My Badges

As I draw this mini series to its end, there are a few conclusions that I want to bring together, make some sense of it all.  The underlying driver in all of this is a desire to belong.  When we look at hierachys of needs the desire to belong is strong.  To be a part of something is a step towards self actualisation and in my opinion a sense of belonging is important and healthy.  My question in amongst all of this is, what is it that you want to belong to? One of the things that I think about is when I say I want to be identified with a certain group am I saying that I do not want to be seen as one of those others? Well yes the answer is. A healthy response? That depends on what I am saying, if I am saying hey look at me I am better than them because I am not like them then no,  I guess that is not particularly deep thinking at any particular level but it is all contextual.  Choices about badges that I wear are everyday occurrences, ranging from the jokes I laugh at to the company I keep.

There are some issues that when they arise in conversation my blood just starts to boil and I often ending up declaring a different point of view to ensure that I am not seen wearing the badge of racist or sexist.

Apart from a need to belong at the basic level why is that badges of consumption are so popular, what are the drivers that mean we are prepared to pay a premium way over the actual cost of a comparative product or service to obtain the prestige or satisfaction of wearing one kind of garment or carrying one bag over another?  Consumerism is often referred to as the cult of the individual but here is the conundrum, if consumerism is the cult of the individual then why is it that we so desperately want to look like other people or be seen to be wearing the same clothes that other people wear? 

As a reflective person who values contemplation I have thought about this whole issue of badging, I  have wondered what badges do I wear, what badges do I strive for.  For me the big issue in my life is the badge of singlehood.  It is not one that I want to wear but it is one that I have chosen.
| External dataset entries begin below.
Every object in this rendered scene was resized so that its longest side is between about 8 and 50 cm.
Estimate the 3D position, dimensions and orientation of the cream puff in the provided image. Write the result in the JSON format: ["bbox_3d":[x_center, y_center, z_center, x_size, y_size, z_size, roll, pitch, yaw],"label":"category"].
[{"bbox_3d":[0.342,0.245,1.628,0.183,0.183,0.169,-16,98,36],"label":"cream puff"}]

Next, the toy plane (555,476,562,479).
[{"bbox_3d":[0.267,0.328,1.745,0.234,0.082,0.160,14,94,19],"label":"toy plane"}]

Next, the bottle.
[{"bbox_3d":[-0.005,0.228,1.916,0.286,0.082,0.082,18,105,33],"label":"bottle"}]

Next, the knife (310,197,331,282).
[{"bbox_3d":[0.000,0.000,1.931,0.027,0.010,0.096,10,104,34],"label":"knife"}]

I am having to examine just what it is that drives me to change that status, whilst I doo n ot intend to look at that particular badge right now I do want to comment on one the drivers of that need and that is my desire to be seen as normal.  Whilst I may cast derision on those who walk around with a big dog, drive a BMW, place stickers representing their family on the back window (or all three)  I know  that in my heart I want to belong.  Now I am n ot sure if I will ever find a place in society  that I truly belong but I believe that I may find a person with whom I can have that sense of belonging.
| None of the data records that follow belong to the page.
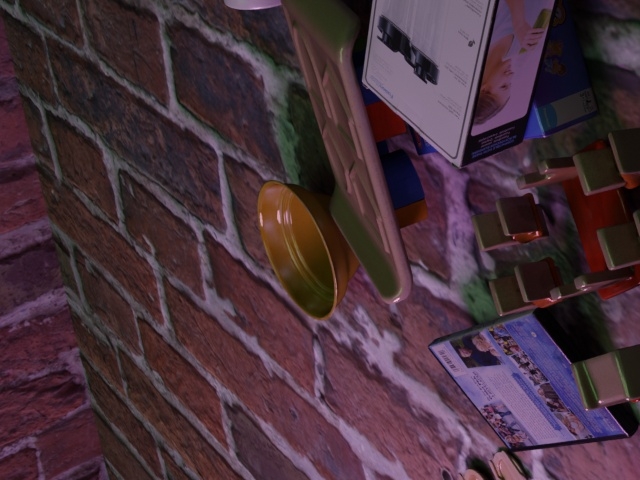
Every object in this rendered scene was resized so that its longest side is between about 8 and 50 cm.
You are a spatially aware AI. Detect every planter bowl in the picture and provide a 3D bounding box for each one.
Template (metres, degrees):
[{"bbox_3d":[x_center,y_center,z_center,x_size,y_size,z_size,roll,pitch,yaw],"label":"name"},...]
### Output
[{"bbox_3d":[0.000,0.000,1.675,0.217,0.090,0.217,47,149,39],"label":"planter bowl"}]

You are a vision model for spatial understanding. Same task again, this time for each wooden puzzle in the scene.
[{"bbox_3d":[0.046,-0.142,1.401,0.322,0.080,0.348,-120,15,-62],"label":"wooden puzzle"}]

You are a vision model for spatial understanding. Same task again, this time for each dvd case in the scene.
[{"bbox_3d":[0.246,0.172,1.378,0.180,0.022,0.253,51,153,-4],"label":"dvd case"}]

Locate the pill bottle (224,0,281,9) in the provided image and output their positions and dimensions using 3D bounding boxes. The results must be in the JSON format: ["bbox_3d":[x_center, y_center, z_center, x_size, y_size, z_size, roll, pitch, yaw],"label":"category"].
[{"bbox_3d":[-0.092,-0.417,1.500,0.119,0.119,0.208,32,137,49],"label":"pill bottle"}]

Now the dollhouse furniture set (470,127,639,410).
[{"bbox_3d":[0.299,0.030,1.151,0.262,0.135,0.259,-37,65,62],"label":"dollhouse furniture set"}]

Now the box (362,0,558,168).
[{"bbox_3d":[0.134,-0.234,1.082,0.169,0.087,0.290,46,145,35],"label":"box"}]

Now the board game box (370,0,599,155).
[{"bbox_3d":[0.144,-0.274,1.217,0.233,0.078,0.347,-1,109,62],"label":"board game box"}]

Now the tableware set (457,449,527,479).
[{"bbox_3d":[0.251,0.362,1.565,0.141,0.020,0.168,62,153,10],"label":"tableware set"}]

In the mean time it is my wish that we examine carefully the badges that we seek and truly know what we are signing up to.  If I  felt I needed great personal protection would I get a big dog?  Well possibly.  If I found a new partner would I advertise my status on the back window of my car?  No not at all.  If I could afford to drive and own a v8 BMW would I buy one?  I would like to say no but the correct answer is possibly.  I include these questions as I want to acknowledge that we are all different and have different needs and desires that compete internally and externally.  I am reminded as I write this piece that often badges that we wear say more about who we are not than who we are.